A new MIT study shows that using stiffer road pavements could reduce vehicle fuel consumption by as much as 3 percent—a savings that could add up to 273 million barrels of crude oil per year, or $15.6 billion at current prices. This would result in an accompanying annual decrease in carbon dioxide emissions of 46.5 million metric tons.

The study is the first to use mathematical modeling rather than roadway experiments to look at the effect of concrete and asphalt pavement deflection on vehicle fuel consumption across the U.S. road network. Supporting research was conducted through the Concrete Sustainability Hub at MIT, sponsored by the Ready Mixed Concrete Research & Education Foundation and Portland Cement Association.

By modeling the physical forces at work when a rubber tire rolls over pavement, MIT Civil and Environmental Engineering Professor Franz-Josef Ulm and PhD student Mehdi Akbarian conclude that because of the way energy is dissipated, a load’s maximum deflection is behind the path of travel. This has the effect of making vehicle tires drive continuously up a slight slope, increasing fuel use. The deflection under the tires is similar to that of beach sand underfoot: With each step, the foot tamps down the sand from heel to toe, requiring the pedestrian to expend more energy than when walking on a hard surface.

On the roadways, even a 1 percent increase in aggregate fuel consumption leaves a substantial environmental footprint. Stiffer pavements reduce that footprint, decrease deflection, and can be achieved by improving the material properties or increasing the thickness of the asphalt layers; switching to a concrete layer or asphalt-concrete composite structures; or, changing the road base’s thickness or composition.

“We’ve got to find ways to improve the environmental footprint of our roadway infrastructure, but previous empirical studies to determine fuel savings all looked at the impact of roughness and pavement type for a few non-conclusive scenarios, and the findings sometimes differed by an order of magnitude,” says Ulm. “Where do you find identical roadways on the same soils under the same conditions? You can’t. You get side effects. The empirical approach doesn’t work. So we used statistical analysis to avoid those side effects.”

He and Akbarian fed their model data on 5,643 representative sections of the nation’s roadways taken from Federal Highway Administration data sets. They include information on pavements’ surface and subsurface materials, plus type and weight of vehicles using the roads.
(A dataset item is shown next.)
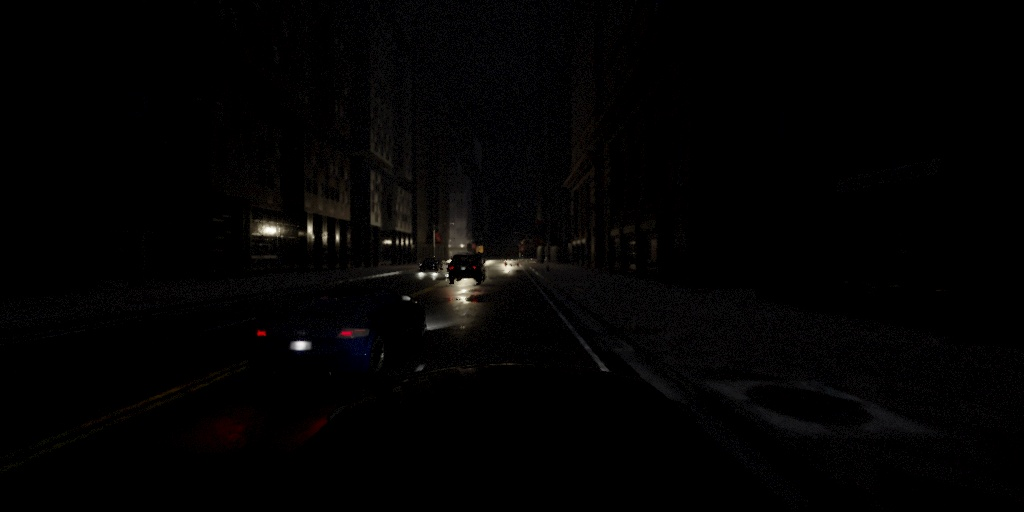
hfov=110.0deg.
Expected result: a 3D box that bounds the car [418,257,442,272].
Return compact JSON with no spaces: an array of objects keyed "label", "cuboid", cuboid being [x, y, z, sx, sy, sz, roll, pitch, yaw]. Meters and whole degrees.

The researchers also calculated and incorporated the contact area of vehicle tires with the pavement.

Ulm and Akbarian estimate that the combined effects of road roughness and deflection are responsible for an annual average extra fuel consumption of 7,000 to 9,000 gallons per lane-mile on high-volume roads (not including the most heavily traveled roads) in the 8.5 million lane-miles making up the U.S. roadway network. They find that up to 80 percent of that extra fuel consumption, in excess of the vehicles’ normal fuel use, could be reduced through improvements in the basic properties of the asphalt, concrete and other materials used to build the roads.

The researchers say the initial cost outlay for better pavements would quickly pay for itself not just in fuel efficiency and decreased CO2 emissions, but also in reduced maintenance costs. “Better pavement design over a lifetime would save much more money in fuel costs than the initial cost of improvements,” says Akbarian. “State departments of transportation would save money while reducing their environmental footprint over time, because the roads won’t deteriorate as quickly.”

“This work is not about asphalt versus concrete,” adds Ulm. “The ultimate goal is to make our nation’s infrastructure more sustainable. Our model will help make this possible by giving pavement engineers a tool for including sustainability as a design parameter, just like safety, cost and ride quality.”